--- The data Enclosed Below ---
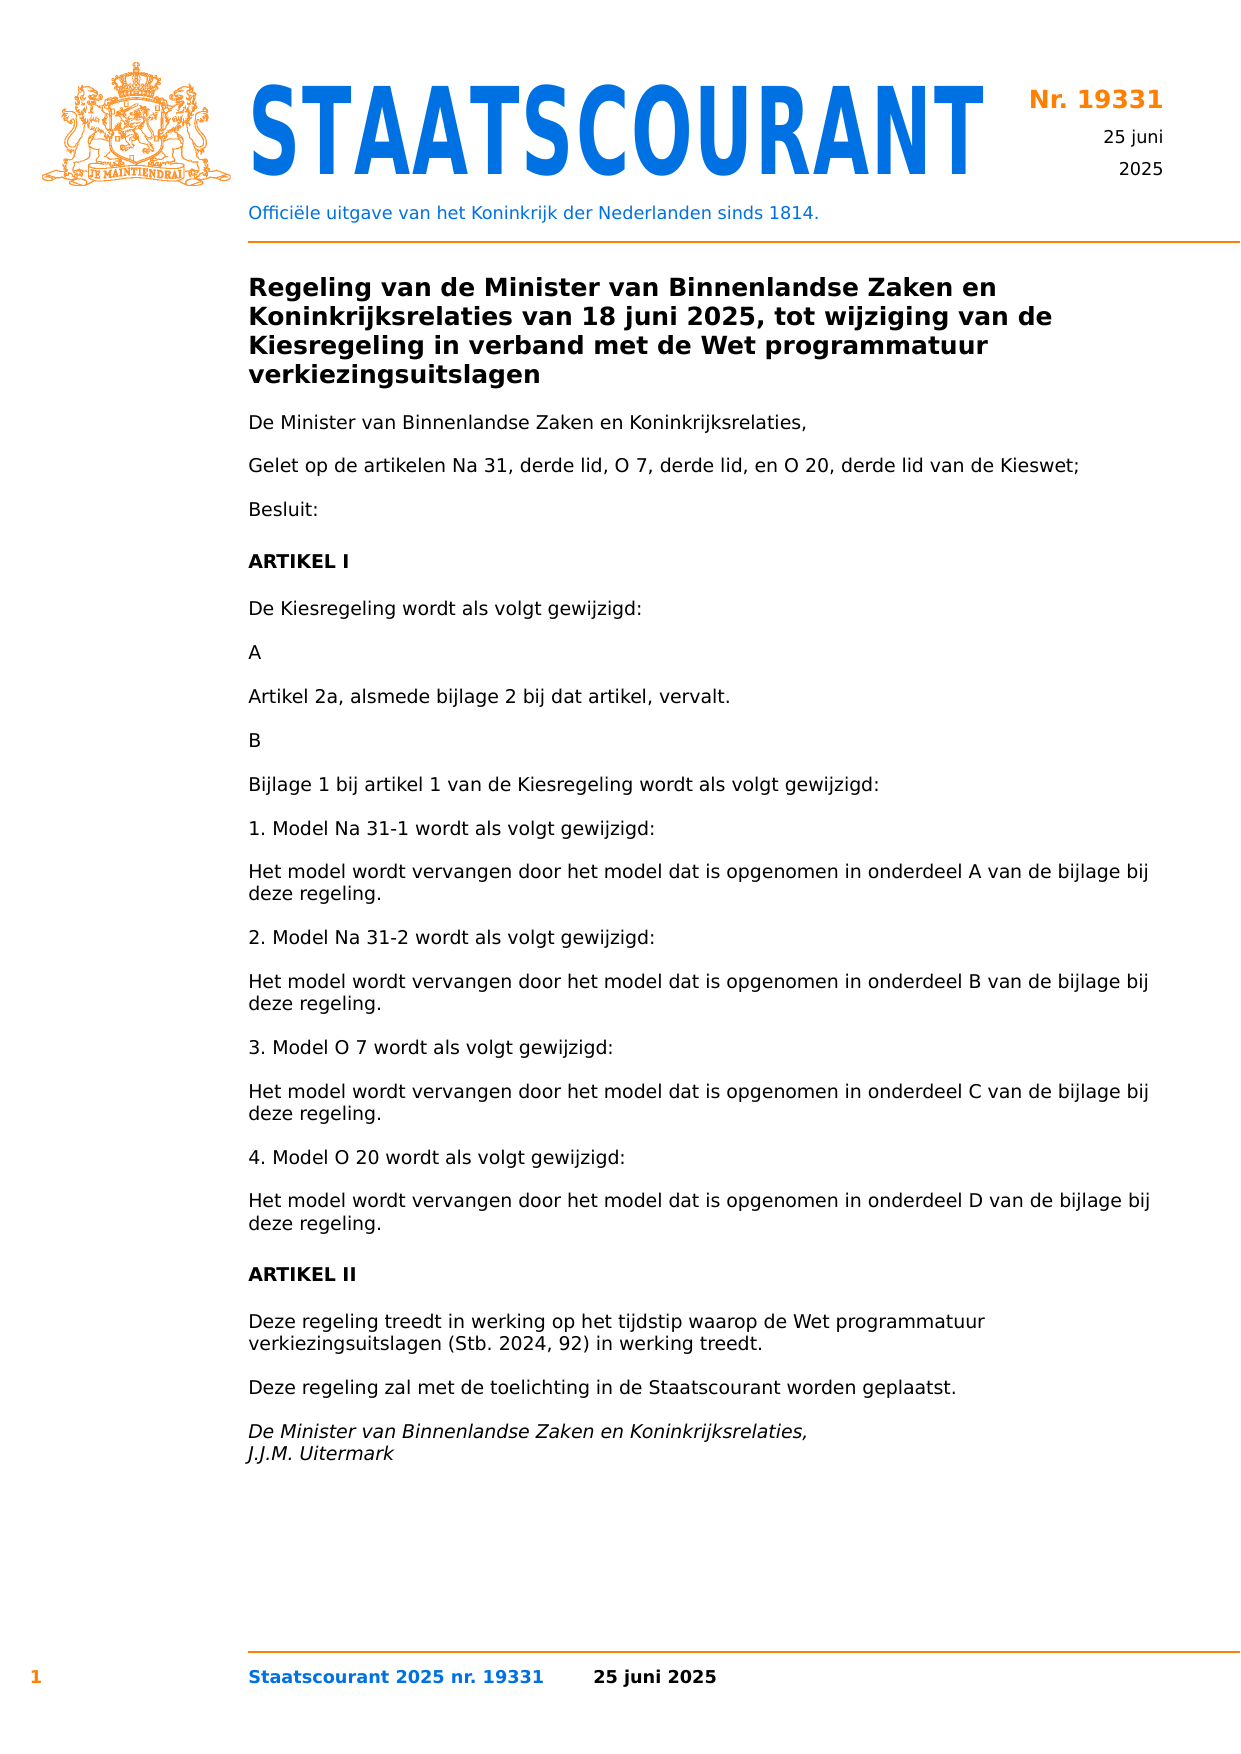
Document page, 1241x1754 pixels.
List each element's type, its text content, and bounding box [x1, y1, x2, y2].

text 2. Model Na 31-2 wordt als volgt gewijzigd: [248, 927, 1163, 949]
text Deze regeling treedt in werking op het tijdstip waarop de Wet programmatuur verkiezingsuitslagen (Stb. 2024, 92) in werking treedt. [248, 1311, 1163, 1355]
subtitle ARTIKEL II [248, 1264, 1163, 1286]
text De Minister van Binnenlandse Zaken en Koninkrijksrelaties, [248, 412, 1163, 433]
text Gelet op de artikelen Na 31, derde lid, O 7, derde lid, en O 20, derde lid van de Kieswet; [248, 455, 1163, 477]
text B [248, 730, 1163, 752]
text Het model wordt vervangen door het model dat is opgenomen in onderdeel A van de bijlage bij deze regeling. [248, 861, 1163, 905]
text 1. Model Na 31-1 wordt als volgt gewijzigd: [248, 817, 1163, 839]
text Deze regeling zal met de toelichting in de Staatscourant worden geplaatst. [248, 1377, 1163, 1399]
text 4. Model O 20 wordt als volgt gewijzigd: [248, 1147, 1163, 1168]
table_header Nr. 19331 [998, 62, 1240, 121]
text Besluit: [248, 499, 1163, 521]
subtitle Regeling van de Minister van Binnenlandse Zaken en Koninkrijksrelaties van 18 juni 2025, tot wijziging van de Kiesregeling in verband met de Wet programmatuur verkiezingsuitslagen [248, 273, 1163, 390]
picture [41, 62, 231, 186]
text Artikel 2a, alsmede bijlage 2 bij dat artikel, vervalt. [248, 686, 1163, 708]
text Het model wordt vervangen door het model dat is opgenomen in onderdeel B van de bijlage bij deze regeling. [248, 971, 1163, 1015]
text De Kiesregeling wordt als volgt gewijzigd: [248, 598, 1163, 620]
text Bijlage 1 bij artikel 1 van de Kiesregeling wordt als volgt gewijzigd: [248, 774, 1163, 796]
table_cell Officiële uitgave van het Koninkrijk der Nederlanden sinds 1814. [248, 203, 1240, 241]
text Het model wordt vervangen door het model dat is opgenomen in onderdeel D van de bijlage bij deze regeling. [248, 1190, 1163, 1234]
table_header [25, 62, 248, 241]
text A [248, 642, 1163, 664]
text 3. Model O 7 wordt als volgt gewijzigd: [248, 1037, 1163, 1059]
table_header STAATSCOURANT [248, 62, 998, 203]
table_cell 2025 [998, 153, 1240, 203]
text Het model wordt vervangen door het model dat is opgenomen in onderdeel C van de bijlage bij deze regeling. [248, 1081, 1163, 1125]
subtitle ARTIKEL I [248, 551, 1163, 573]
text De Minister van Binnenlandse Zaken en Koninkrijksrelaties, J.J.M. Uitermark [248, 1421, 1163, 1465]
table_cell 25 juni [998, 121, 1240, 153]
--- End of Enclosed The data ---
What you need to do: All lines from the start of the entries through the one with "table_header [25, 62, 248, 241]" are to be output exactly; omit the pictures.

Your solution:
Document page, 1241x1754 pixels.
List each element's type, its text content, and bounding box [x1, y1, x2, y2].

text 2. Model Na 31-2 wordt als volgt gewijzigd: [248, 927, 1163, 949]
text Deze regeling treedt in werking op het tijdstip waarop de Wet programmatuur verkiezingsuitslagen (Stb. 2024, 92) in werking treedt. [248, 1311, 1163, 1355]
subtitle ARTIKEL II [248, 1264, 1163, 1286]
text De Minister van Binnenlandse Zaken en Koninkrijksrelaties, [248, 412, 1163, 433]
text Gelet op de artikelen Na 31, derde lid, O 7, derde lid, en O 20, derde lid van de Kieswet; [248, 455, 1163, 477]
text B [248, 730, 1163, 752]
text Het model wordt vervangen door het model dat is opgenomen in onderdeel A van de bijlage bij deze regeling. [248, 861, 1163, 905]
text 1. Model Na 31-1 wordt als volgt gewijzigd: [248, 817, 1163, 839]
text Deze regeling zal met de toelichting in de Staatscourant worden geplaatst. [248, 1377, 1163, 1399]
text 4. Model O 20 wordt als volgt gewijzigd: [248, 1147, 1163, 1168]
table_header Nr. 19331 [998, 62, 1240, 121]
text Besluit: [248, 499, 1163, 521]
subtitle Regeling van de Minister van Binnenlandse Zaken en Koninkrijksrelaties van 18 juni 2025, tot wijziging van de Kiesregeling in verband met de Wet programmatuur verkiezingsuitslagen [248, 273, 1163, 390]
picture [41, 62, 231, 186]
text Artikel 2a, alsmede bijlage 2 bij dat artikel, vervalt. [248, 686, 1163, 708]
text Het model wordt vervangen door het model dat is opgenomen in onderdeel B van de bijlage bij deze regeling. [248, 971, 1163, 1015]
text De Kiesregeling wordt als volgt gewijzigd: [248, 598, 1163, 620]
text Bijlage 1 bij artikel 1 van de Kiesregeling wordt als volgt gewijzigd: [248, 774, 1163, 796]
table_cell Officiële uitgave van het Koninkrijk der Nederlanden sinds 1814. [248, 203, 1240, 241]
text Het model wordt vervangen door het model dat is opgenomen in onderdeel D van de bijlage bij deze regeling. [248, 1190, 1163, 1234]
table_header [25, 62, 248, 241]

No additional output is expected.